Why? Well, there are a couple likely reasons. First, conscientious people create life paths for themselves that contribute to better health. That is, they are more successful in their careers, earn more money, have more stable families, and socialize more — all factors known to be linked to health. For example, Roberts tracked college-educated women from age 21 to age 52, and found that women who had been more conscientious in college were less likely to divorce and had more children than women who had been less centered. Other studies have linked conscientiousness to job stability and job satisfaction.

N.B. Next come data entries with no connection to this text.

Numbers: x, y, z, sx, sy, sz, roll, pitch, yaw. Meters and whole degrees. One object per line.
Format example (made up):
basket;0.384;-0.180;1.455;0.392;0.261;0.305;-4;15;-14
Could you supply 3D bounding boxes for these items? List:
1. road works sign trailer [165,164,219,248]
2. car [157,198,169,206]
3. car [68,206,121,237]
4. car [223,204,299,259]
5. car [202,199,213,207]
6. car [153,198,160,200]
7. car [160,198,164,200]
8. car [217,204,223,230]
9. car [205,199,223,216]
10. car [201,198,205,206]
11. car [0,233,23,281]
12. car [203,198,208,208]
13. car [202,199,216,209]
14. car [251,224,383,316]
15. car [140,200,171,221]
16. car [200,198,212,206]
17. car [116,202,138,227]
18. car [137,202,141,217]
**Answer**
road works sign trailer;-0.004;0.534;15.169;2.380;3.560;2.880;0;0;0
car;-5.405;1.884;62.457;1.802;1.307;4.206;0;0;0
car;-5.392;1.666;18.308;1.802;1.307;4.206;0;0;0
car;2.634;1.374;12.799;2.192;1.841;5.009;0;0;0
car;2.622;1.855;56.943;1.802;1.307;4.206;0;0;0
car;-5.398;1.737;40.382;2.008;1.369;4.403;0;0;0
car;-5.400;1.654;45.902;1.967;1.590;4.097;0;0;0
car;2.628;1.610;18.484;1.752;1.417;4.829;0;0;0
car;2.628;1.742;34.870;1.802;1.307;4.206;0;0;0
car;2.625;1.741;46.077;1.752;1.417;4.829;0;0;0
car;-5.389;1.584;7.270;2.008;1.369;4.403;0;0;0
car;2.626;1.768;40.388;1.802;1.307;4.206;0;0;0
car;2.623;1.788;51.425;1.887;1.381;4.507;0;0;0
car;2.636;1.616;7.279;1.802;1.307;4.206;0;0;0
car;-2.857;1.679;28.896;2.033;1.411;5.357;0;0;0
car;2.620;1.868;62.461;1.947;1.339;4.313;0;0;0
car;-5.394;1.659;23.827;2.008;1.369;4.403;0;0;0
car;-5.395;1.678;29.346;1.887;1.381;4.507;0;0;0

In addition, industrious and reliable people simply do fewer stupid things. They don’t smoke as much, drink as much, drive as fast, have sex with the wrong partners — all those things that we know kill us. This may seem self-evident at first, but what’s not is the link between healthy living and changes in personality. It appears that young adults especially start trying on certain roles — parent, reliable employee — and “watching themselves.” If they like what they see (and they often do), they in effect add a trait to their psychological repertoire that wasn’t there before. They change their opinion of themselves. So in a sense, conscientiousness shapes experience, which in turn helps people mature and become more solid. This is hopeful news for those parents despairing over their slacker teenager.
The effect of conscientiousness on longevity is not trivial. Indeed Roberts estimates that being a responsible person is as powerful as cardiovascular disease in determining how long we live. Psychologists have long suspected that a single common psychological trait may underlie all healthy choices, and conscientiousness is emerging as a strong candidate for that H factor. If so, simply acting “as if” you are solid and centered may be one way to a long, healthy life.